Mike: Kaum einer will seine Meinung dazu sagen, weil man so oder so verloren hat. Entweder stichst du den Menschen in den Rücken, mit denen du so manche Shows und Abende schon gespielt hast oder aber du hast ein total beschissenes Weltbild – so sehen es die Leute da draußen.

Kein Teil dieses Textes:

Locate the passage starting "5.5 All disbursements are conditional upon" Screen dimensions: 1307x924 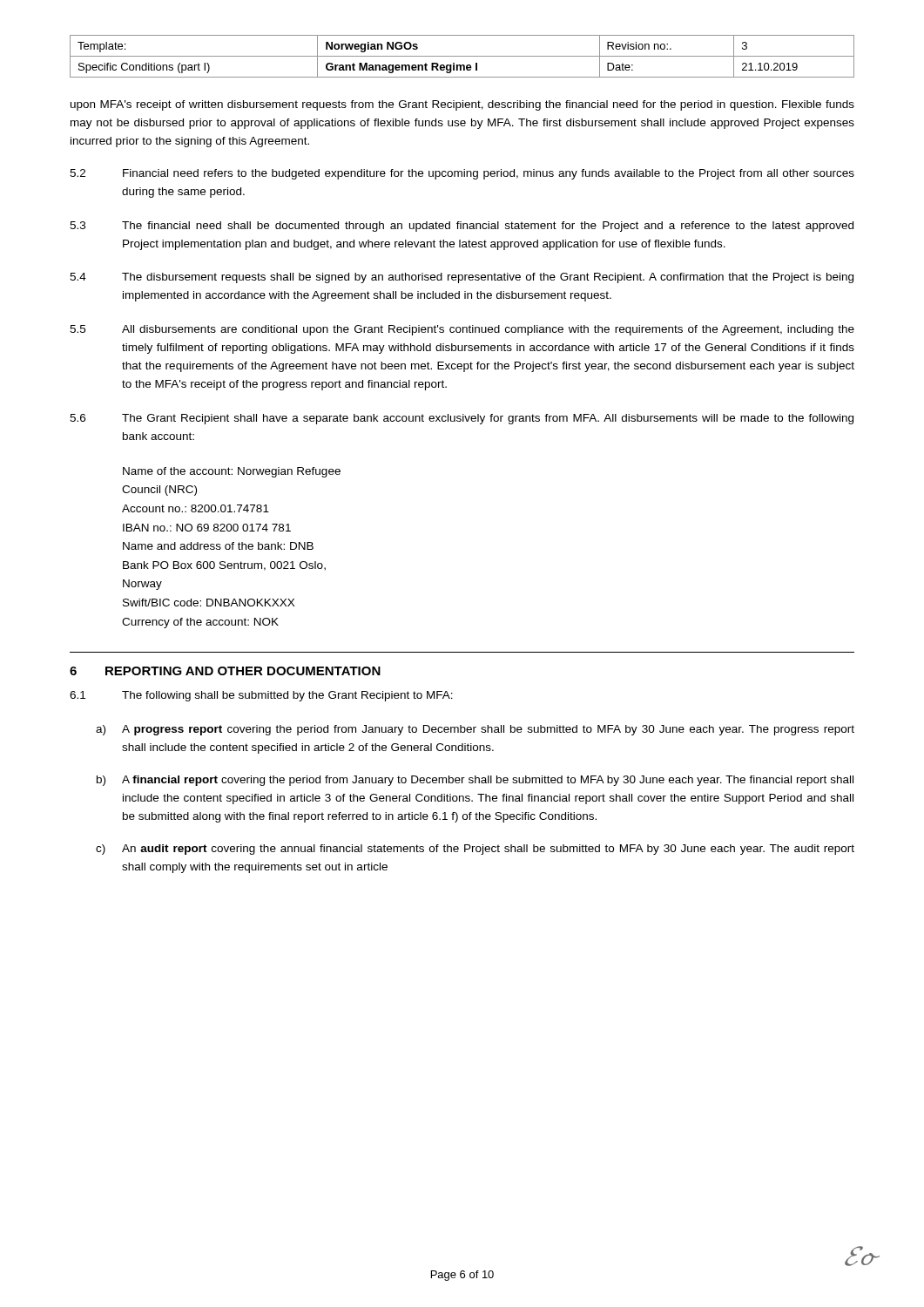point(462,357)
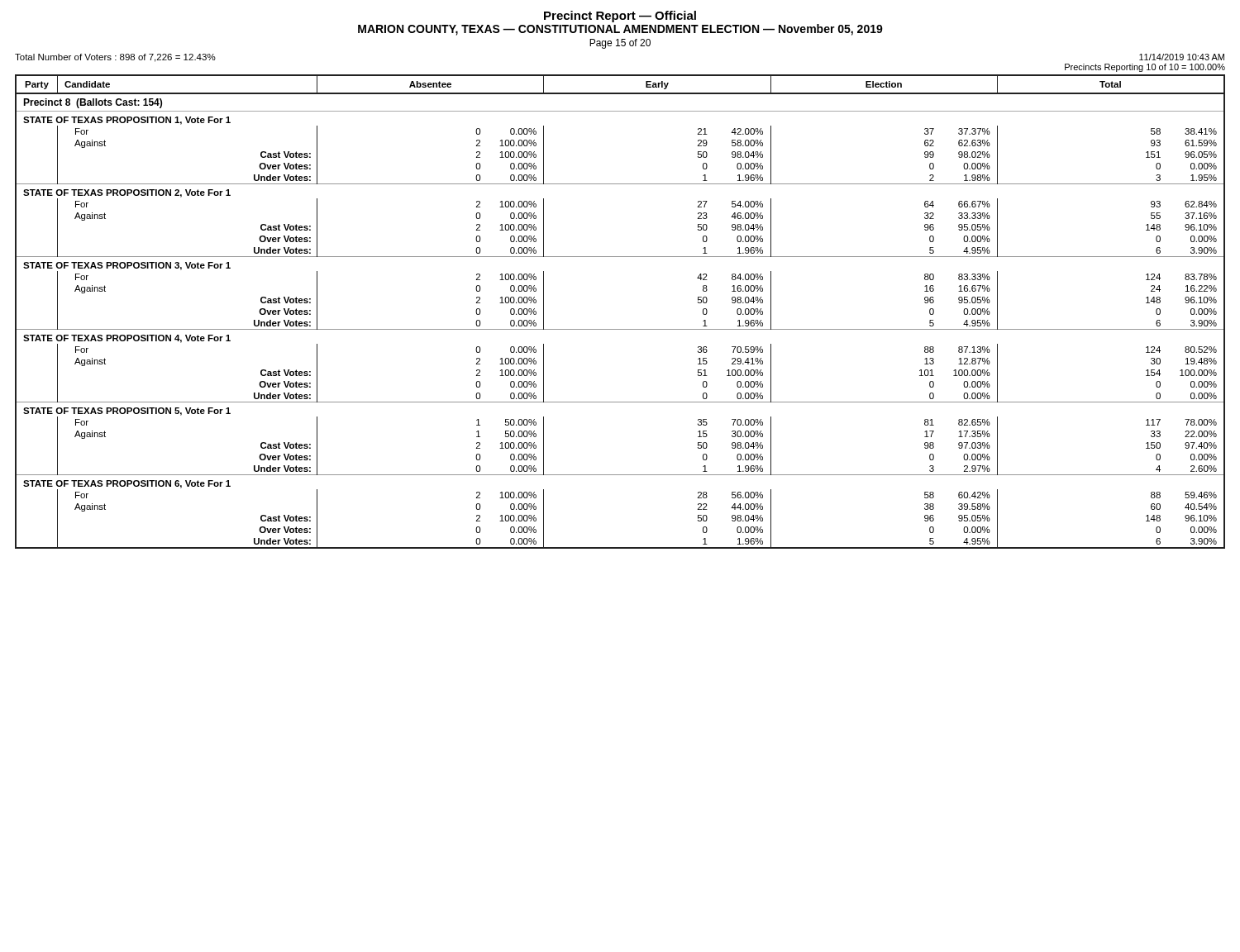Find the title with the text "Precinct Report — Official MARION COUNTY,"

coord(620,29)
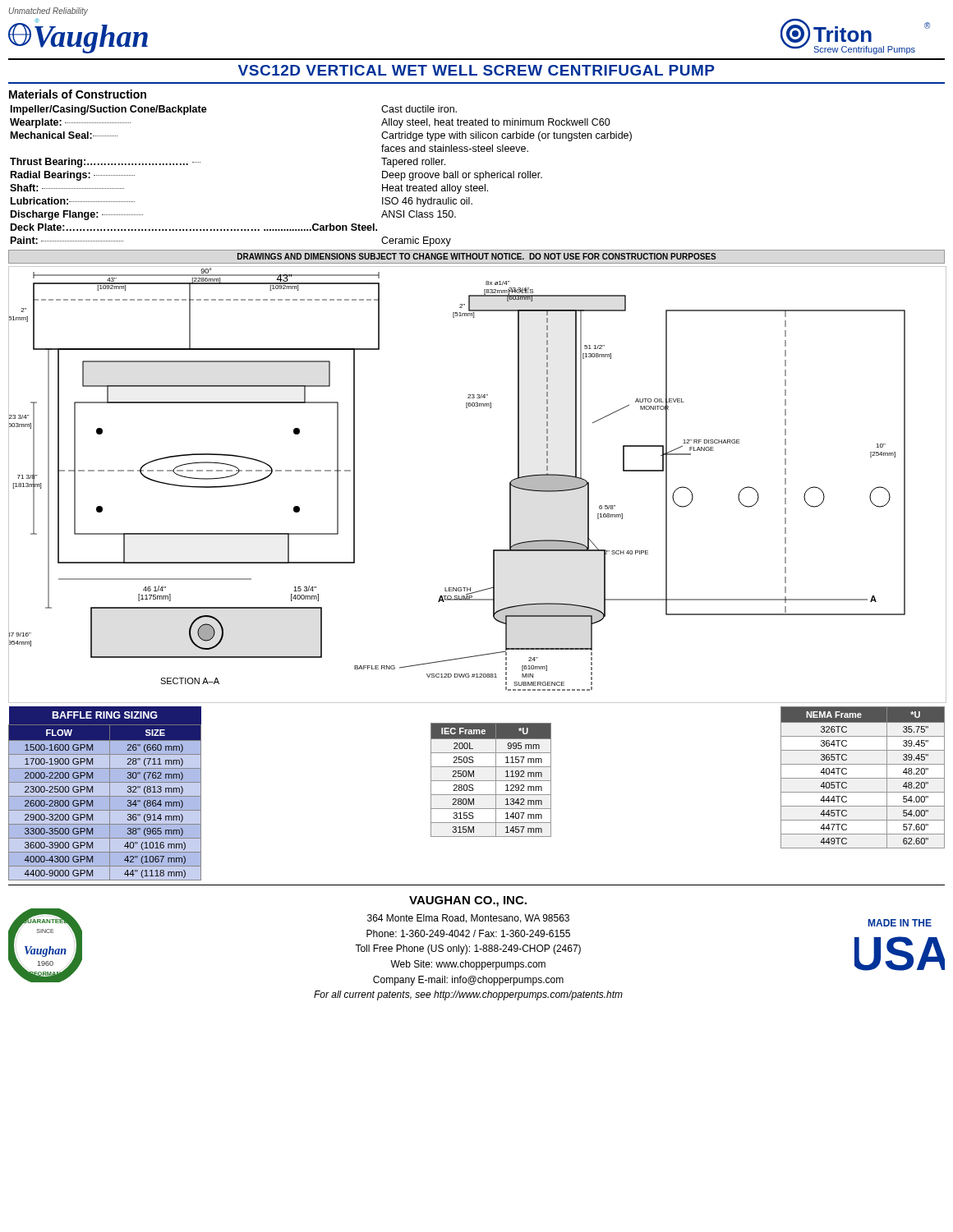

Ich persönlich bin immer für den Weg der Vergebung und höre dort auf meinen Instinkt – wenn ich jemanden sehe, der seine Taten bereut, aber offen dazu steht und sich anprangern lässt, dann denke ich, dass dieser Mensch wirklich Buße tut und das bereut – dadurch sollte man auch Vergebung erfahren. Jeder macht Fehler und bittet irgendwann um Vergebung.
Gringoz: Wie sieht es denn für das restliche Jahr 2019 aus?
Mike: Das sieht alles ziemlich nach Alltag aus, wir spielen direkt zwei verschiedene Touren hintereinander in Amerika um anschließend Festivals im Sommer zu bespielen. Dahingehend sind wir schnell wieder im Sattel und machen genau das, was andere Bands auch tun.
Gringoz: Gibt es dort auch Aussichten auf Festivals in Europa?
Mike: Leider nicht – aktuell kann man dazu auch noch nicht viel sagen, aber vielleicht bringt der Herbst uns ja nochmal hier rüber.